Foreign Powers Discussed How to Manipulate Jared Kushner, Report Says
Officials from Israel, China, Mexico, and the United Arab Emirates all talked about trying to influence the president’s senior adviser and son-in-law by way of his sprawling business ties, according to anonymous officials. Kushner was told Friday he would have his security clearance downgraded, a decision reportedly reached in part because of unease about his contacts with foreign officials.—The Washington Post

Hope Hicks Admits Lying for Trump, Refuses to Talk White House
The White House communications director reportedly refused to tell the House Intelligence Committee anything related to Trump's time in office or the transition period, only answering questions about his campaign. According to anonymous officials, Hicks admitted she had told “white lies” on behalf of Trump, but insisted she had not lied about anything related to the Russia probe.—The New York Times

ICE Sweeps Up 150 People in Bay Area
Immigration and Customs Enforcement officials made the arrests as part of a regional crackdown this week. Thomas D. Homan, deputy director for ICE, said “sanctuary jurisdictions” like San Francisco and Oakland had been harboring “dangerous criminal aliens." ICE said around 50 percent of those detained had non-immigration-related criminal convictions.—CBS News

Suspicious Letter Leaves 11 People Sick at Military Base
Three of the 11 people who fell ill after a letter containing unknown material was sent to a base in Arlington, Virginia, were hospitalized. All were said to be in stable condition, having reported a burning feeling in their hands and face. Initial analysis did not reveal any harmful substances, but the letter was sent for further tests.—CNN

International News

North Korea Sent Syria Equipment for Chemical Weapons, UN Says
Pyongyang provided valves, pipes, and other materials that could have been used to manufacture chemical weapons in Syria, according to a new report by the UN Panel of Experts. UN investigators believe North Korea made roughly 40 deliveries between 2012 and 2017. They also said North Korean missile experts were spotted at weapon sites in Syria.—BBC News

Afghan President Willing to Recognize the Taliban
President Ashraf Ghani said his government would accept the legitimacy of the Taliban as part of an effort to form a lasting political structure in the country. Speaking at an international conference designed to “draw” the Taliban into peace talks, Ghani said a ceasefire, new elections, and a prisoner release program were all on the table.—Reuters

Jerusalem Church Claims ‘Victory’ in Tax Row
The Church of the Holy Sepulchre opened its doors on Wednesday after closing for three days in protest of an Israeli government plan to introduce a church property tax.

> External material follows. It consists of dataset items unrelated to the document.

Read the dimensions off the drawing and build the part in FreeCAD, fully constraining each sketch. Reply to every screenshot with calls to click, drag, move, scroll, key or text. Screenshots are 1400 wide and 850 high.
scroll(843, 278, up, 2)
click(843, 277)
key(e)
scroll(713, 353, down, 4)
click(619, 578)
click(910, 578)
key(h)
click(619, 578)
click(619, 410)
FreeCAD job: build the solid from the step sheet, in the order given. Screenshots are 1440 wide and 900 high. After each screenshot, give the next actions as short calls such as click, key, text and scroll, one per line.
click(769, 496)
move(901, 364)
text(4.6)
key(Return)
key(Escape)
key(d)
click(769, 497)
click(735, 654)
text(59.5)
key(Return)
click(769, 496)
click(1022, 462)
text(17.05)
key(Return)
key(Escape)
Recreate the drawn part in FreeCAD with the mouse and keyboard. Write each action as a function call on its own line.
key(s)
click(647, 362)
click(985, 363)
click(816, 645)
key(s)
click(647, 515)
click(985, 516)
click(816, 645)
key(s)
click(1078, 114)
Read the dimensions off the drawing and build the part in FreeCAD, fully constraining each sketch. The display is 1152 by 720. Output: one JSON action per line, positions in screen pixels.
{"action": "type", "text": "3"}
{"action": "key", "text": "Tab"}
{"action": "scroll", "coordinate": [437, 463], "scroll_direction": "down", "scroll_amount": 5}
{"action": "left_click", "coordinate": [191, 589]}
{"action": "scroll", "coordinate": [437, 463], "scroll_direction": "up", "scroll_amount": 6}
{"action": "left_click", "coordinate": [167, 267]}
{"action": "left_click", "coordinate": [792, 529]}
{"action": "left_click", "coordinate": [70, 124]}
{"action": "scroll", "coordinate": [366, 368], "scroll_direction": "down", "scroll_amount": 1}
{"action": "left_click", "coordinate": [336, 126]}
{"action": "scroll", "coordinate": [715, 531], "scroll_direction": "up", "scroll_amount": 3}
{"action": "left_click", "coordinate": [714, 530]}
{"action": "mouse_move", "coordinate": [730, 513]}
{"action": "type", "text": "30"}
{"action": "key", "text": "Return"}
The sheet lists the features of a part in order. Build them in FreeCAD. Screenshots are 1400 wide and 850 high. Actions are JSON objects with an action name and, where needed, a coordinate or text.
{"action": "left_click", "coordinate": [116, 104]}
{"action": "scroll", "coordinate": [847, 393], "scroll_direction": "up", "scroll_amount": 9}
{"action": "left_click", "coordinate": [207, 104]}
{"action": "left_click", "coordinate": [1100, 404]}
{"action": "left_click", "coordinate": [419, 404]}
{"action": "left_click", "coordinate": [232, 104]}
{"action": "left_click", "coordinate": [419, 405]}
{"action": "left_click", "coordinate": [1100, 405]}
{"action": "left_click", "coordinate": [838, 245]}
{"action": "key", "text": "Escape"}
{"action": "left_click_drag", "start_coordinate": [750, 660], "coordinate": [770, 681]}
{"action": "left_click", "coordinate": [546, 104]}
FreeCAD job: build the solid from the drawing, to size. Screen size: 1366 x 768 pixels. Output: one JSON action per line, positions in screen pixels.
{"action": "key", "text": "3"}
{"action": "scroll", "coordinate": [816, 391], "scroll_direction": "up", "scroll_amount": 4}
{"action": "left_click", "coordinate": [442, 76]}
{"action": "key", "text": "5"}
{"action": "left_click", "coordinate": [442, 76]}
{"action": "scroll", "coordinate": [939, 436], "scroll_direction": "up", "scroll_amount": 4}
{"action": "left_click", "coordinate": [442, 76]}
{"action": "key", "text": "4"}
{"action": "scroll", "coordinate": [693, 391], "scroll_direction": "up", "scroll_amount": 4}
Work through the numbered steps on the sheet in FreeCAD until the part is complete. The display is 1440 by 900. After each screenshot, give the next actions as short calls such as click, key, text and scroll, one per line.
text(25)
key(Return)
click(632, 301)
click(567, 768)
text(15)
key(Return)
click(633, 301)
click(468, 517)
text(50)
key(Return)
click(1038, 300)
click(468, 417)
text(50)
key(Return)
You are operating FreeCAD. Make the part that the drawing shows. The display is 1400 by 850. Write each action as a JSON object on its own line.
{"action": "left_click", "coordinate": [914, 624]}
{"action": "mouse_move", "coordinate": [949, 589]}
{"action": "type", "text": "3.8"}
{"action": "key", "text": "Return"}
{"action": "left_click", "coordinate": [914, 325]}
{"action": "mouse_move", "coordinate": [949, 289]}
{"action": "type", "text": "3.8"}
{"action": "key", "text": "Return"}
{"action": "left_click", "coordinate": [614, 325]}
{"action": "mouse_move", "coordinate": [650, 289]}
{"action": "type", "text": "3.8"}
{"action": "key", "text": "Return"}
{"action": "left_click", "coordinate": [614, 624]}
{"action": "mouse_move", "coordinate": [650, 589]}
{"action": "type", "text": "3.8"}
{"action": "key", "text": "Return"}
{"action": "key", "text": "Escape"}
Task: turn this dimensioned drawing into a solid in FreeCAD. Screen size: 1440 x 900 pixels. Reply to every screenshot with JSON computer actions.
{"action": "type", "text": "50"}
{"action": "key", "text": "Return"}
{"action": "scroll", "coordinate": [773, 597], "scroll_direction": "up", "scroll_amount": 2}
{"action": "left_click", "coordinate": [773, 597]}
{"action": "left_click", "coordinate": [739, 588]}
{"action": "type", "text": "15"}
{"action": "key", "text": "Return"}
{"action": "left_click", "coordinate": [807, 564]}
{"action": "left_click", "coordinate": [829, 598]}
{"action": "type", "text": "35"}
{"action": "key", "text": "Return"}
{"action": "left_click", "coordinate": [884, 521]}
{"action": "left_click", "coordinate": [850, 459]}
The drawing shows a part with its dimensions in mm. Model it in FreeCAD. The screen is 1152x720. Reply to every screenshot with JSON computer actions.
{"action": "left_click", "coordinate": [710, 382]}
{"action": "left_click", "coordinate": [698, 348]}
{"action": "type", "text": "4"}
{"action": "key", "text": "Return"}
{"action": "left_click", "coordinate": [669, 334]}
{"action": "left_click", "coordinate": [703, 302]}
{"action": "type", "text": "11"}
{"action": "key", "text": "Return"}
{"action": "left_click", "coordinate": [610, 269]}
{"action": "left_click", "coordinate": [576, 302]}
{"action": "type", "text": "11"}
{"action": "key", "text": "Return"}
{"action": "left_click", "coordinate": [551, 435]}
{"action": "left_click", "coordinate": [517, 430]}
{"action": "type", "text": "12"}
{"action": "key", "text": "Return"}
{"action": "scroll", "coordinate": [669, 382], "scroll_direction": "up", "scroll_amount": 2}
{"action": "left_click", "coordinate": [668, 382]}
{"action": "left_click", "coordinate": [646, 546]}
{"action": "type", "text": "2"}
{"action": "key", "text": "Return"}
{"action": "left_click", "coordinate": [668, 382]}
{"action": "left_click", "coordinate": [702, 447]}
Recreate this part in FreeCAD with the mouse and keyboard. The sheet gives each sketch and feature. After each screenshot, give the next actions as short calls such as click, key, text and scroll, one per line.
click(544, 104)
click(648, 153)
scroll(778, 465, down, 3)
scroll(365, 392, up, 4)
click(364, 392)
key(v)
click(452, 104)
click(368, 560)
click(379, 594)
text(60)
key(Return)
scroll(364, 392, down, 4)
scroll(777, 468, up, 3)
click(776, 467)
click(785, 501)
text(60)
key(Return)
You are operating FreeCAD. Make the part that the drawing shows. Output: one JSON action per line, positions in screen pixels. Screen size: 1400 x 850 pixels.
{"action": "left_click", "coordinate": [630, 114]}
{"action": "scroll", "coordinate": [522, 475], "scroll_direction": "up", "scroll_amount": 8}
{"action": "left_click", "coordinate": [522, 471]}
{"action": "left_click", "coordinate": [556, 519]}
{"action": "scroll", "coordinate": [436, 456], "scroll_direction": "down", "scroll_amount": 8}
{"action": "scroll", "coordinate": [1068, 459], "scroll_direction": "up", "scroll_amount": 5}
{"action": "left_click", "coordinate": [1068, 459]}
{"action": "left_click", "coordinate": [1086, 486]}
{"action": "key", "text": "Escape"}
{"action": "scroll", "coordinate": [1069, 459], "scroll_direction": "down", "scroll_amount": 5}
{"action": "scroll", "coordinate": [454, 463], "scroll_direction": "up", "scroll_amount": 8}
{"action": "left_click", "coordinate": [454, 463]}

Parliament dropped the proposal Tuesday. “This is a victory,” said Adeeb Joudeh, custodian of the site in Jerusalem. “We’re celebrating.”—Al Jazeera

At Least 15 Killed in Egyptian Train Crash
Two passenger train carriages collided with a cargo train in Egypt’s northern Beheira province Wednesday. At least 15 people were killed and another 40 injured in the crash, according to a state news outlet.—Reuters

Everything Else

Parkland Shooting Survivors Join Demi Lovato Onstage
The star welcomed up six students from Marjory Stoneman Douglas High School during the first performance of her world tour in San Diego Tuesday night. “It was such an honor to meet them and hear their courageous stories,” Lovato said.—Billboard

Soundtrack for New Wes Anderson Movie Revealed
ABKCO shared a full tracklist for the Isle of Dogs soundtrack Tuesday, including the score by Alexandre Desplat. Released March 30, it also features music by the West Coast Pop Art Experimental Band and Kaoru Watanabe.—Pitchfork

Looks Like Spice Girls Will Perform at the Royal Wedding
Mel B said all five members of the British girl group have been invited to Prince Harry and Meghan Markle's wedding. When asked about it on The Real, she implied the Spice Girls would be singing at the reception. “I’m gonna be fired,” she said.—TIME

Trailer for JAY-Z’s Trayvon Martin Documentary Drops
Paramount Network shared a first look at Rest in Power: The Enduring Life of Trayvon Martin, a new series about the unarmed 17-year-old fatally shot in 2012. JAY-Z is producing the six-part project.—i-D

YouTube Bans Neo-Nazi Channel
The move came after the Anti-Defamation League urged the company to “immediately” remove material posted by Atomwaffen Division. CEO Jonathan Greenblatt said the Neo-Nazi group’s videos feature “disgusting racist content” and “incite hatred.”—Motherboard

Make sure to check out the latest episode of VICE's daily podcast. Today we’ll hear from Cathy Hughes, founder and chairperson of Radio One, the largest African-American owned and operated broadcast company in the nation.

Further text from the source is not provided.